The extent of this would depend on which version you are in. In Julia 1.6, the dicrepancy would mostly be fixed by passing an explicit rng to rand in the generator version. But you your timings make me guess you are on 1.7. There I don’t think you can easily beat the array version, because it uses simd, unlike the scalar version. An idea I would want to explore in a package is wrapping Xoshiro in a way that even the scalar version of rand uses simd, by having an internal cache (like what MersenneTwister does).

EDIT: but to your question about having a rand iterator, you can check out Rand() from the RandomExtensions package. It won’t help performance in this instance, but as it hanldes the Sampler thing in the same way as in arrays, it can occasionally help speed-up things where a “pre-computation” can be shared between multiple calls of rand.


I think we could make a really fast operator version that generates 32 at a time and feeds them to you.

Thanks! Rand() from RandomExtensions is indeed the kind of thing I was looking for. Here it is in action:

julia> using Random, RandomExtensions, Base.Iterators, BenchmarkTools

julia> rng = MersenneTwister(0);

julia> itr = Rand(rng)
Rand{MersenneTwister, Random.SamplerTrivial{Random.CloseOpen01{Float64}, Float64}}(MersenneTwister(0), Random.SamplerTrivial{Random.CloseOpen01{Float64}, Float64}(Random.CloseOpen01{Float64}()))

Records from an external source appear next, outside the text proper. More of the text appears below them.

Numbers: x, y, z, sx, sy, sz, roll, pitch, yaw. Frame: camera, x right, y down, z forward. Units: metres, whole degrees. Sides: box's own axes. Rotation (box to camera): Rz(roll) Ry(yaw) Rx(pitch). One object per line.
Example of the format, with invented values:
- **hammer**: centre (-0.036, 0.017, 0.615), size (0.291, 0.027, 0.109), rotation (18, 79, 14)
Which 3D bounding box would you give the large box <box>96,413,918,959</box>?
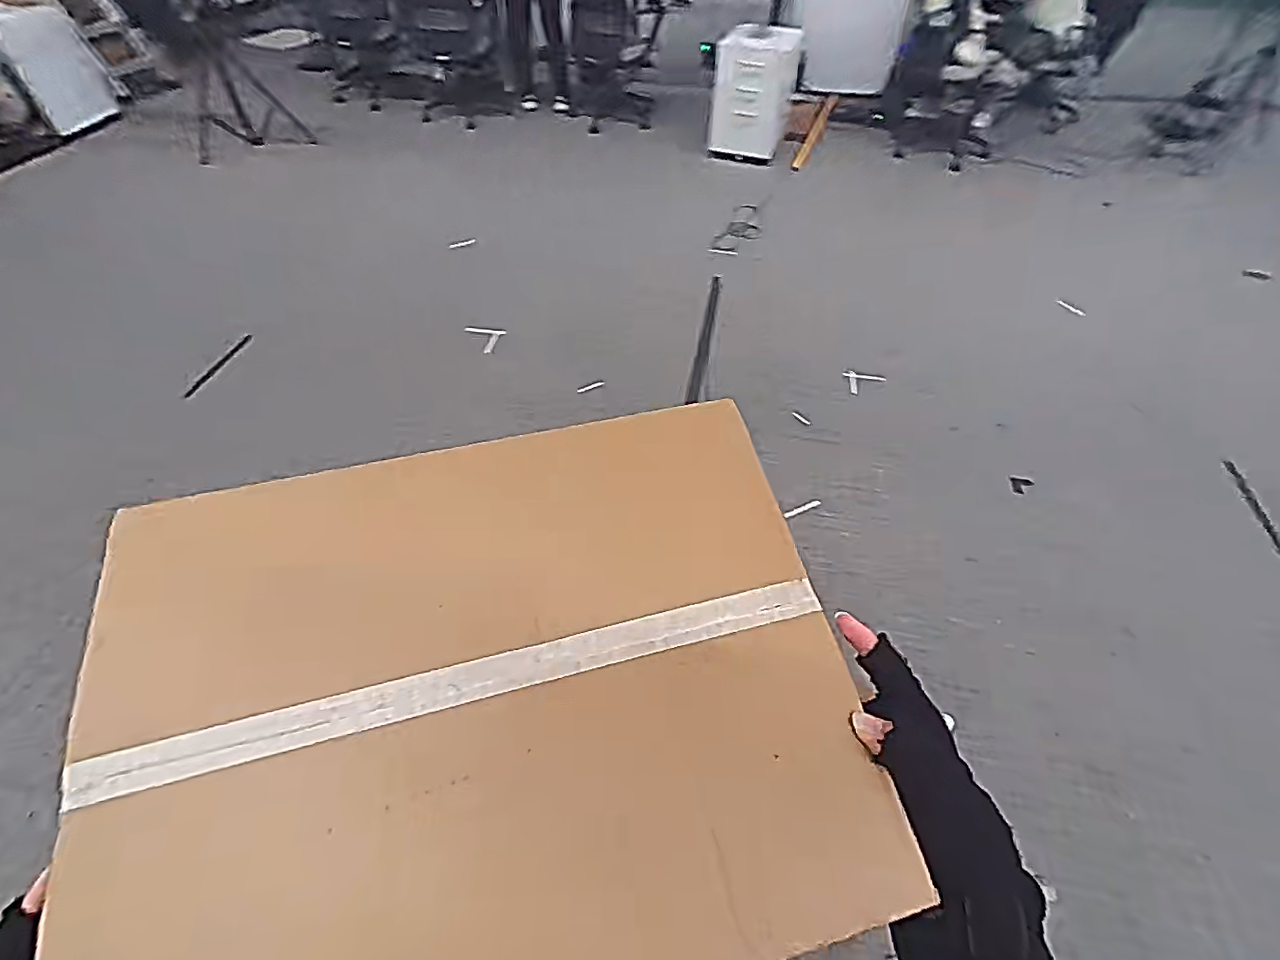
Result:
- **large box**: centre (-0.088, 0.187, 0.448), size (0.408, 0.320, 0.320), rotation (-11, 64, -9)
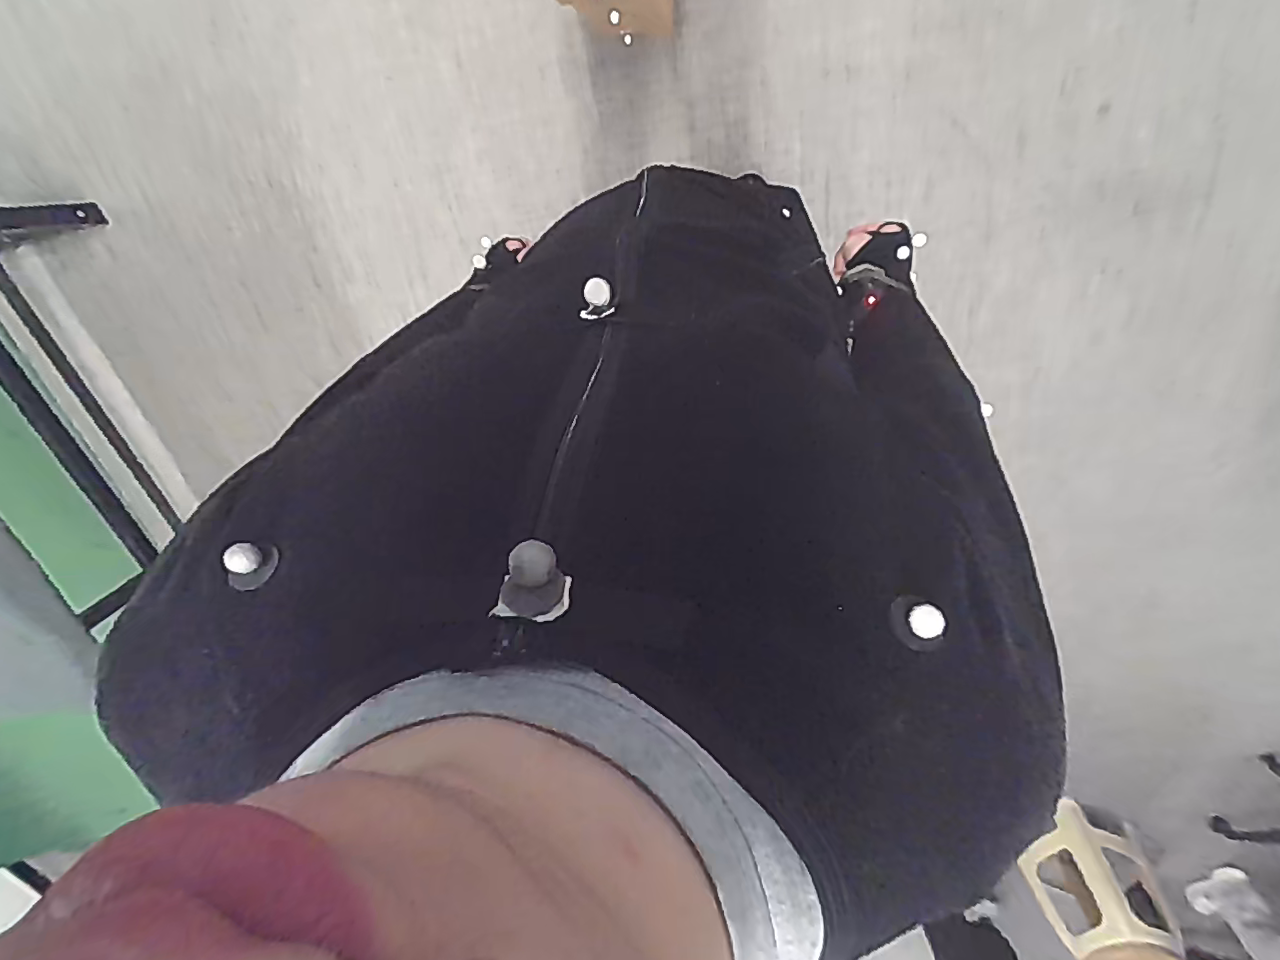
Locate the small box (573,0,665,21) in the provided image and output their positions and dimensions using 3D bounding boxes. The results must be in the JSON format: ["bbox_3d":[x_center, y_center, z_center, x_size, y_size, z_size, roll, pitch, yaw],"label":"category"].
[{"bbox_3d":[-0.042,-0.924,0.928,0.168,0.176,0.179,7,120,6],"label":"small box"}]

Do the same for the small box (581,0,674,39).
[{"bbox_3d":[-0.021,-1.003,1.070,0.168,0.176,0.179,5,121,7],"label":"small box"}]

julia> @btime sum(take($itr, 100_000));
  169.361 μs (0 allocations: 0 bytes)

julia> @btime sum(rand() for _ in 1:100_000);
  146.219 μs (0 allocations: 0 bytes)

julia> @btime sum(rand(100_000));
  105.492 μs (2 allocations: 781.30 KiB)

I see that RandomExtensions is experimental, but it looks cool. I don’t know anything about pseudo-random number generation algorithms, so I wasn’t sure if there was some conceptual reason why one couldn’t make a random number iterator. Whether that iterator can take advantage of SIMD is a separate question, I suppose.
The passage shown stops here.